Detection of cellular immunity

If SARS-CoV-2-specific T-cell clones can be detected, this is not only evidence of a previous virus encounter, but the finding may also indicate existing cellular immunity. This is particularly the case when evidence of memory cells is shown through the detection of IL-2 or a combined detection of IL-2 and INF-γ. According to initial studies, SARS-CoV-2-specific T-cell responses remain detectable in the CoV-iSpot for a long time. Relatively short-lived antibody responses, but long-lasting T-cell immunity, resulted in SARS patients from 2003 still having SARS-specific T memory cells found in 2020.

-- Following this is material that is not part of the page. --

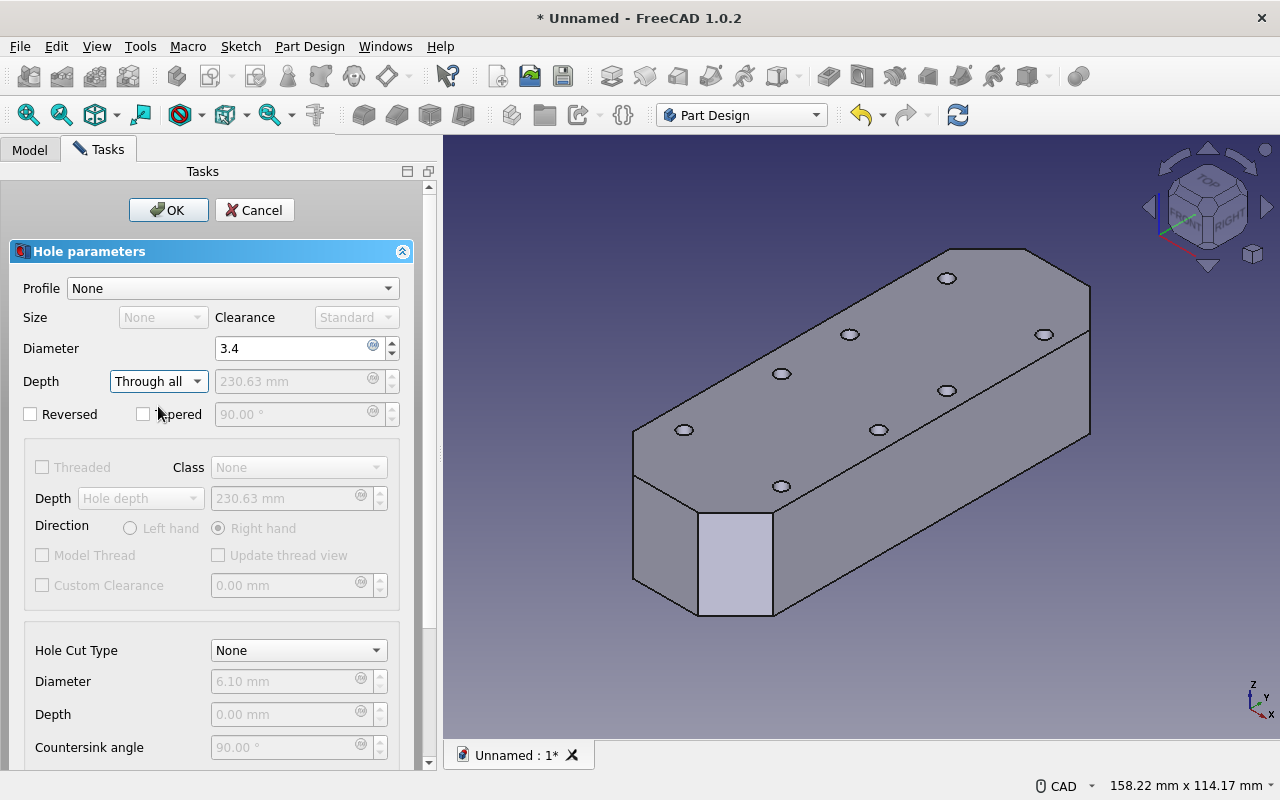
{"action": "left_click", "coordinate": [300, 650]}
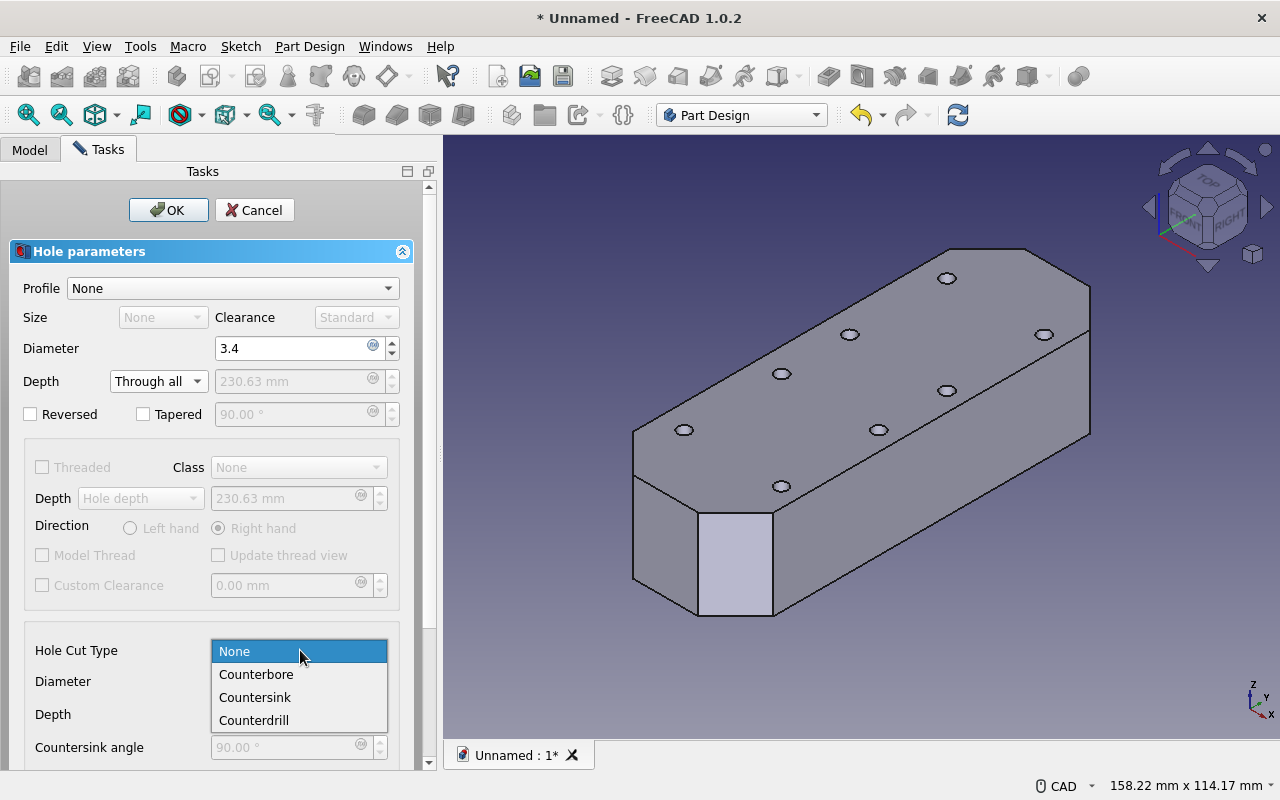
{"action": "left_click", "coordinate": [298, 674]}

Indication of potential baseline immunity

In the CoV-iSpot, other human pathogenic coronaviruses are additionally used to stimulate lymphocytes, aiming to clarify the question of baseline immunity through the cellular immune system following previous contact with globally endemic coronaviruses. If PAN-Corona-specific T-cell responses are found in the CoV-iSpot and these patients do not become ill or only experience mild symptoms after a SARS-CoV-2 infection, then cellular baseline immunity seems very likely. Observations also support cellular baseline immunity, as patients with reactive PAN-Corona peptide approaches often do not show SARS-CoV-2 antibodies. Virus-infected cells are eliminated by T effector cells before plasma cell stimulation triggers antibody production.

Upcoming flu season

The upcoming flu season is likely to cause the number of suspected SARS-CoV-2 cases to reach new highs. With the CoV-iSpot, we have a modern cellular testing procedure to differentiate between influenza and COVID-19 infections. Particularly, recent findings regarding potential cellular immunity against SARS-CoV-2 and presumably existing baseline immunity through cross-reactive T cells could provide additional assurance.